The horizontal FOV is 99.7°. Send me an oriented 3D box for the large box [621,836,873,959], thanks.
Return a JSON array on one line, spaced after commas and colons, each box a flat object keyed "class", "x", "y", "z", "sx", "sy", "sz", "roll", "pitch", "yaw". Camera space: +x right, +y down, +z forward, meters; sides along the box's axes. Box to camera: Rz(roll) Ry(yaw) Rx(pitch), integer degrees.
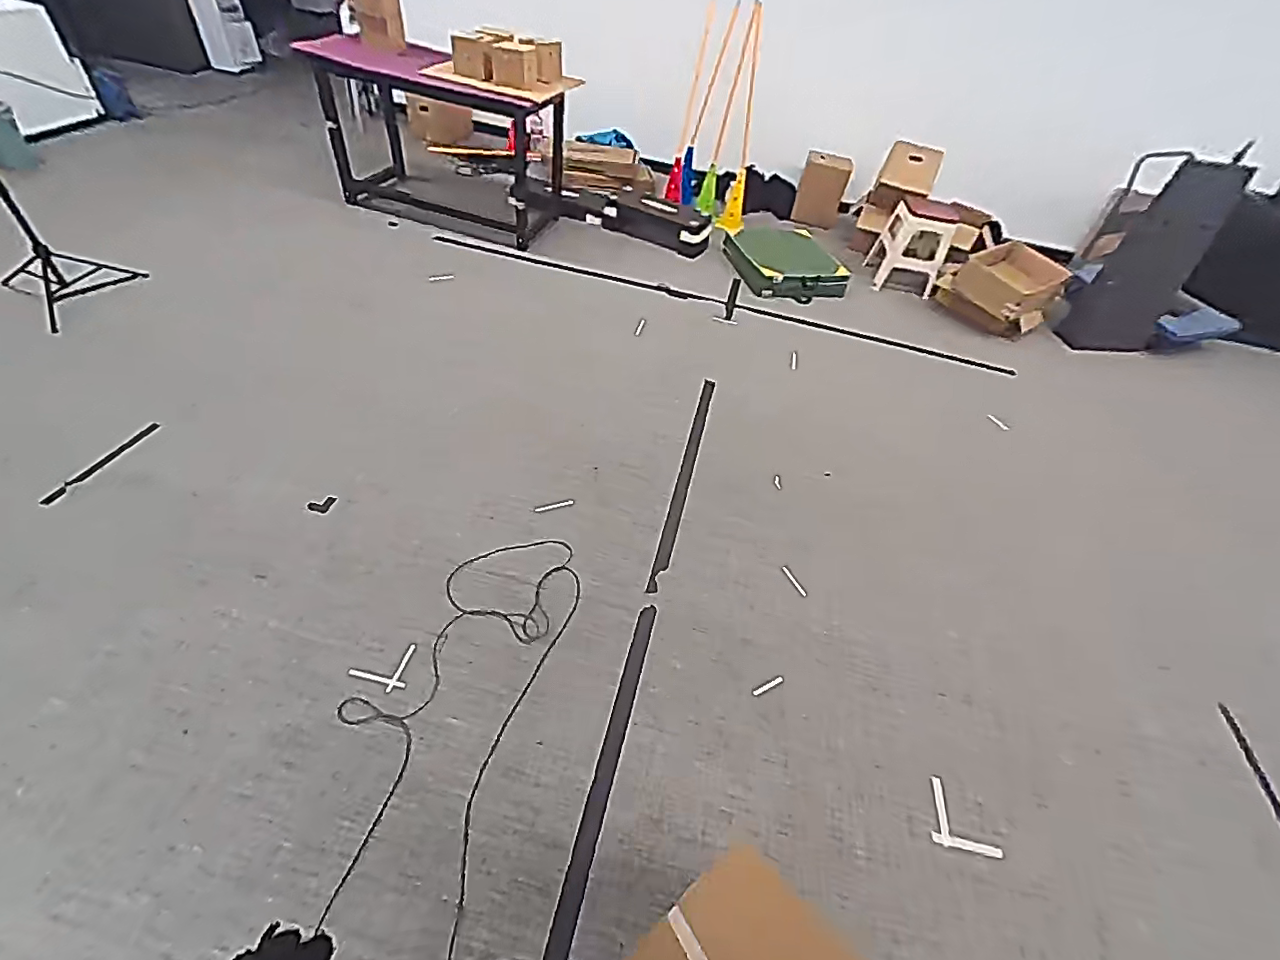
[{"class": "large box", "x": 0.200, "y": 0.773, "z": 0.681, "sx": 0.320, "sy": 0.408, "sz": 0.320, "roll": -36, "pitch": 94, "yaw": -17}]
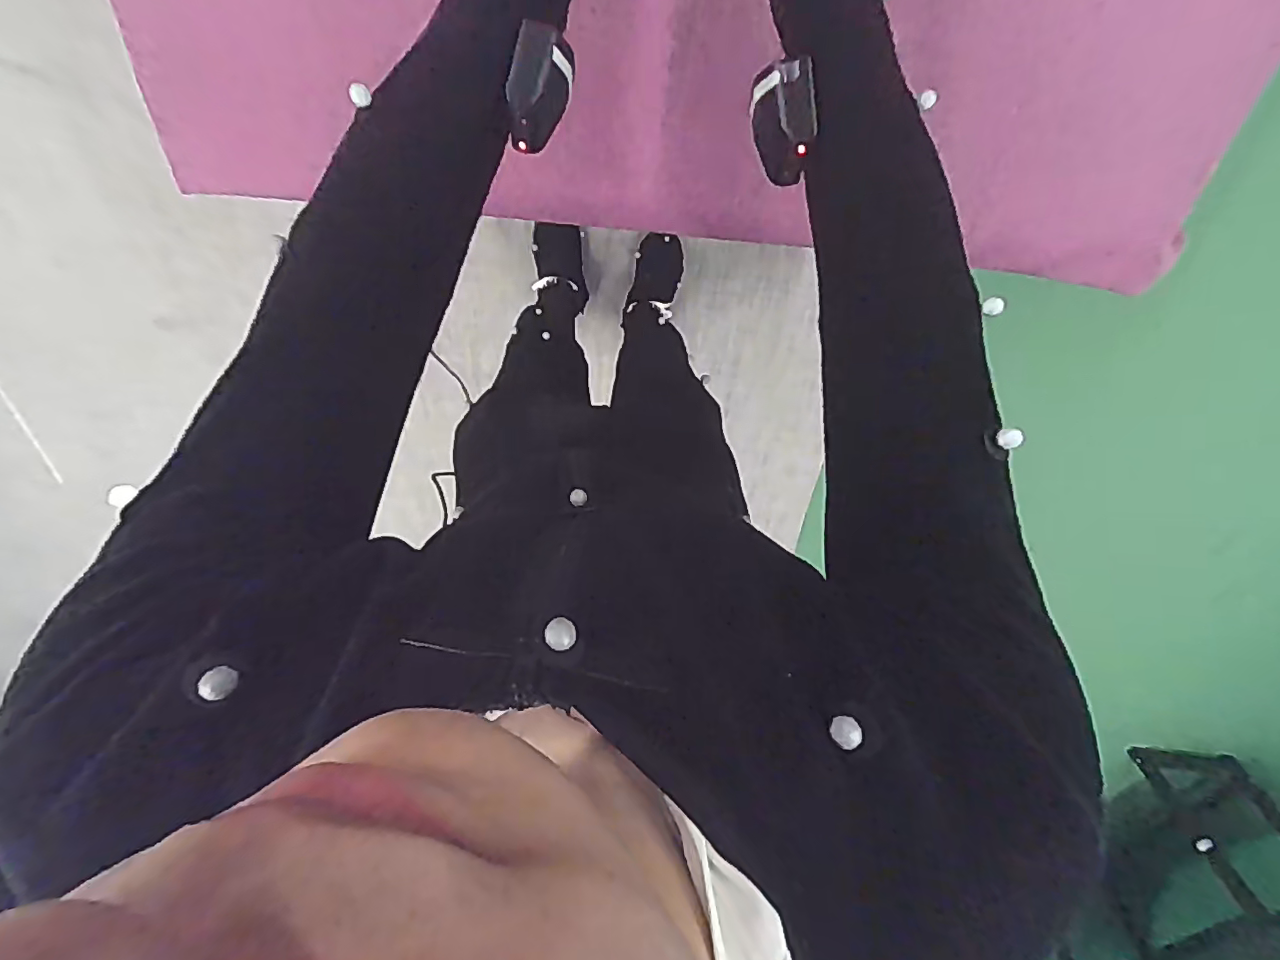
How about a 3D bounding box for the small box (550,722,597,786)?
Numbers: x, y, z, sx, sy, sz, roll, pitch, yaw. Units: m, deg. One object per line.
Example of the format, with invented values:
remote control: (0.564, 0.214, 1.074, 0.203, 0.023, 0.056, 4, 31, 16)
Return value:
small box: (-0.270, 1.125, 2.218, 0.168, 0.176, 0.179, 6, 125, -3)

──────

### EXERCISE REQUIREMENTS
Copy the listing verbatim, omitting images.

### FINISHED TASK
The horizontal FOV is 99.7°. Send me an oriented 3D box for the large box [621,836,873,959], thanks.
Return a JSON array on one line, spaced after commas and colons, each box a flat object keyed "class", "x", "y", "z", "sx", "sy", "sz", "roll", "pitch", "yaw". Camera space: +x right, +y down, +z forward, meters; sides along the box's axes. Box to camera: Rz(roll) Ry(yaw) Rx(pitch), integer degrees.
[{"class": "large box", "x": 0.200, "y": 0.773, "z": 0.681, "sx": 0.320, "sy": 0.408, "sz": 0.320, "roll": -36, "pitch": 94, "yaw": -17}]
How about a 3D bounding box for the small box (550,722,597,786)?
Numbers: x, y, z, sx, sy, sz, roll, pitch, yaw. Units: m, deg. One object per line.
Example of the format, with invented values:
remote control: (0.564, 0.214, 1.074, 0.203, 0.023, 0.056, 4, 31, 16)
Return value:
small box: (-0.270, 1.125, 2.218, 0.168, 0.176, 0.179, 6, 125, -3)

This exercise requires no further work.